See also Grant Morrison’s Vimanarama, in which the Islamic folklore characters Ultra-hadeen return to earth to engage in battle with their enemies.

Nameless , in which the alien satellite Xibabla (Aztec and Mayan mythology) is the gateway to the evil anti-universe, and will collide with earth and everyone will kill each other. There’s a lot of John Dee’s Enochian angel language. You protect yourselves with religious symbols, which insulate you against “free range thoughtforms.” Like the Exorcist, “the power of Christ compels you!”

I found “Nameless” interesting for a number of reasons. One of them is the misanthropy expressed by God throughout the Bible, especially in the Old Testament.

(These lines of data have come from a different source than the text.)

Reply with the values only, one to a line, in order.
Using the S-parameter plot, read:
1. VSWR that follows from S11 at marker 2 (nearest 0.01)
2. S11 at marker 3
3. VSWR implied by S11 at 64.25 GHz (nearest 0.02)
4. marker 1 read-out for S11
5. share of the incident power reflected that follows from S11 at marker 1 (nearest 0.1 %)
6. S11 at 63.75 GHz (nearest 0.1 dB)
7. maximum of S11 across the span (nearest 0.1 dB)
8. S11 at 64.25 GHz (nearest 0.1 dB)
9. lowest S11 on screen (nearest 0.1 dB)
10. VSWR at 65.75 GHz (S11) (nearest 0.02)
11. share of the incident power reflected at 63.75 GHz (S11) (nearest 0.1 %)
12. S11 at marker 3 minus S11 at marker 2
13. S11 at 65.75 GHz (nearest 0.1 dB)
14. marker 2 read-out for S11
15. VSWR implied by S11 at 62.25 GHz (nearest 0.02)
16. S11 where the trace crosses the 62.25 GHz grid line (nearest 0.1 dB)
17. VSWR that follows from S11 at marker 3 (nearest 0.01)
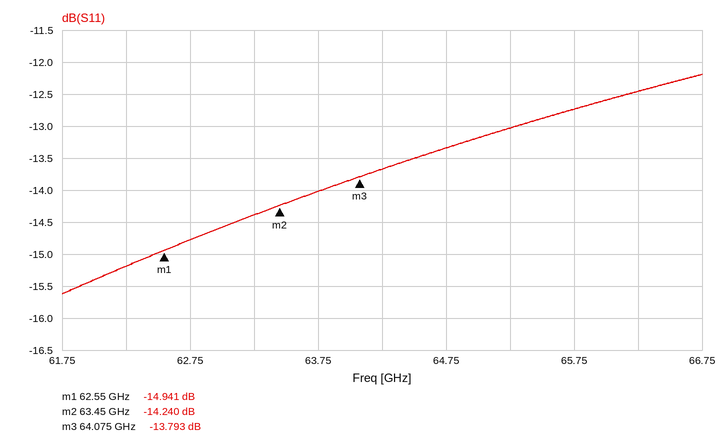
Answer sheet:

For example, “And if ye will not for all this hearken unto me, but walk contrary unto me; Then I will walk contrary unto you also in fury; and I, even I, will chastise you seven times for your sins. And ye shall eat the flesh of your sons, and the flesh of your daughters shall ye eat.” (Leviticus 26:27–29 King James Version)

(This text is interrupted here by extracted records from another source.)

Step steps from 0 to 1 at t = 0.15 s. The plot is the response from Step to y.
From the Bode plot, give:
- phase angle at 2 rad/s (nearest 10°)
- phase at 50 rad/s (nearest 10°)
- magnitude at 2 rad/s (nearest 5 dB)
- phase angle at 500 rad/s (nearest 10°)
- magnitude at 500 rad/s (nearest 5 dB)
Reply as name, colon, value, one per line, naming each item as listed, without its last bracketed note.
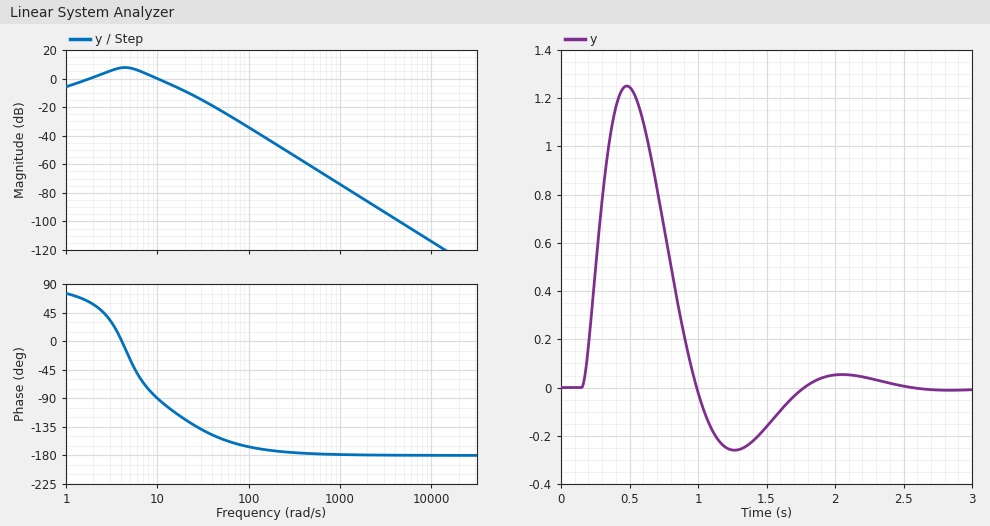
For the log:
phase angle at 2 rad/s: 60°
phase at 50 rad/s: -150°
magnitude at 2 rad/s: 0 dB
phase angle at 500 rad/s: -180°
magnitude at 500 rad/s: -60 dB

One of the themes in my writing is the Bible. It’s ubiquitous in American culture, and so seemingly familiar. Yet it’s a deeply weird text with an incredibly diverse mix of messages and writing styles. Characters that would have been well known to readers or listeners when the text are written are unknown to us now, and much of the context is missing from what we have. It’s one of the reasons I’m trying to read the gnostic texts; it’s a really valuable ancillary source of context for Christianity.

Full Fathom Five #5 introduced Bruno’s role as the savior of humanity through his seed: he has to fuck as many women in the community of Anwyn as possible to sire a generation that can survive the coming cataclysm. Yes, it’s a male fantasy. Yes, it’s a structure to allow me to write several sex scenes that drive the narrative. Yes, I’m planning to use it to explore a naive eighteen year old’s journey of sexual initiation and allow him to explore multiple levels of physical and spiritual enlightenment through many sexual encounters set in a mystical, magical + sci-fi dystopian context. OK, this could be really fun to write.

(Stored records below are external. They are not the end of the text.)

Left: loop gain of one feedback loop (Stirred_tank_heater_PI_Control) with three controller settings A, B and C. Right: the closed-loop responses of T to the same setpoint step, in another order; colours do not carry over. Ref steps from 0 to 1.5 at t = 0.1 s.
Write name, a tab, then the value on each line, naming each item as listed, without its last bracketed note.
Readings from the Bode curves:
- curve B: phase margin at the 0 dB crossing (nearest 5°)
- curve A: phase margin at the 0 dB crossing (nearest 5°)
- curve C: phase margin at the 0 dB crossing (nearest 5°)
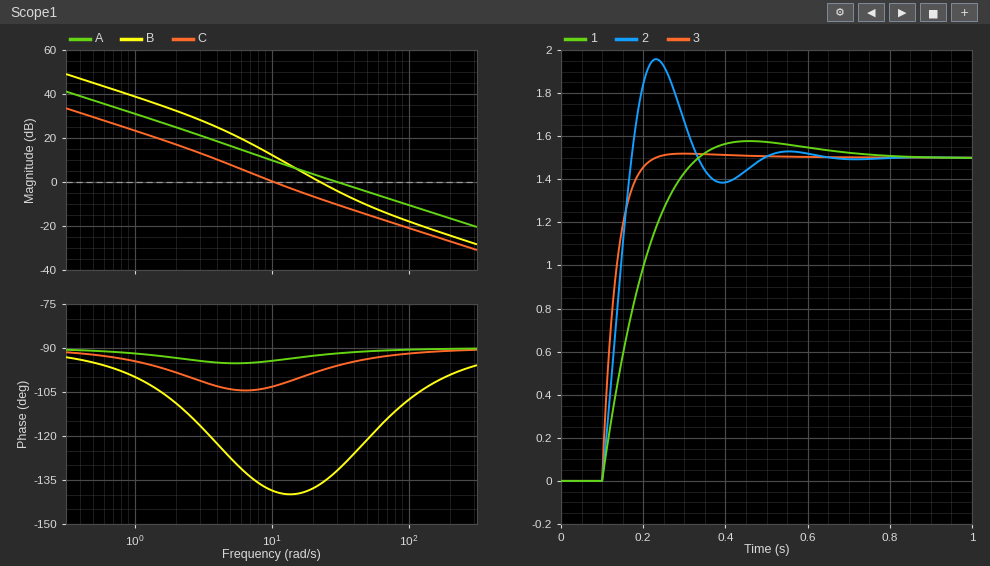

But, it’s also the command given to Noah and Abraham in the Old Testament. Noah’s seed was meant to be the surviving DNA of humanity. Abraham’s seed was meant to found a mighty race that would be God’s chose people. Same idea, different context.

Barbelith is the savior counterpart of the evil stars above. In Morrison’s “The Invisibles,” it’s a satellite that communicates psychically with human beings to connect the hologram that is their consciousness to the overall hyper-reality of space and time, helping humans to realize their true potential.

I snorted a high dose of Ketamine when I was in medical school, entering the k-hole, a realm similar to this hyper-reality. I’ll have to tell this story in a future post.

I should say, I do not recommend this; I did it because I’m curious and a little nuts. If you are unsupervised while intoxicated on ketamine, you can die. My friend and med school classmate was with me when I was intoxicated, and was sober by comparison.

There’s also Philip K. Dick’s VALIS, which is a Vast Active Living Intelligence System, a psychic mind communicating with humanity to draw them to a higher level of consciousness.

Terrence McKenna had an idea about how there are these beings who exist outside of time, and we’re baby versions of them. We can only grow to our potential in a world where time exists. When this corporeal existence ends, we enter into the timeless fulfillment of our potential.

“It kind of explains what is happening, that it isn’t the old-style religion, that it isn’t the sterile steady-state of science, it’s that the universe is actually evolving some kind of process of self-metamorphosis, and human beings indicate that we have crossed some boundary into some new era, a new epoch of ever greater acceleration into this process of self-revelation. …[P]eople can only deal with it through images that they know … you know, Marshall McLuhan said we drive into the future using only our rear view mirror, and that’s sort of what it is. But I call this thing the transcendental object at the end of time, and I think in a sense, religion, Christian revelation, it will all be fulfilled in a way none of us ever suspected, because nature has this appetite for novelty and acceleration into novelty.” (McKenna goes on to talk about time travel in the interview I’ve linked to above).

This is how I conceive God, the cosmic Christ; an Omega Point, a being outside space and time who sends an aspect of himself, Jesus, into time to sow seeds of enlightenment and then guide us to fulfillment, pleroma.

Noosphere is a concept by paleontologist and Jesuit Pierre Teilhard de Chardin.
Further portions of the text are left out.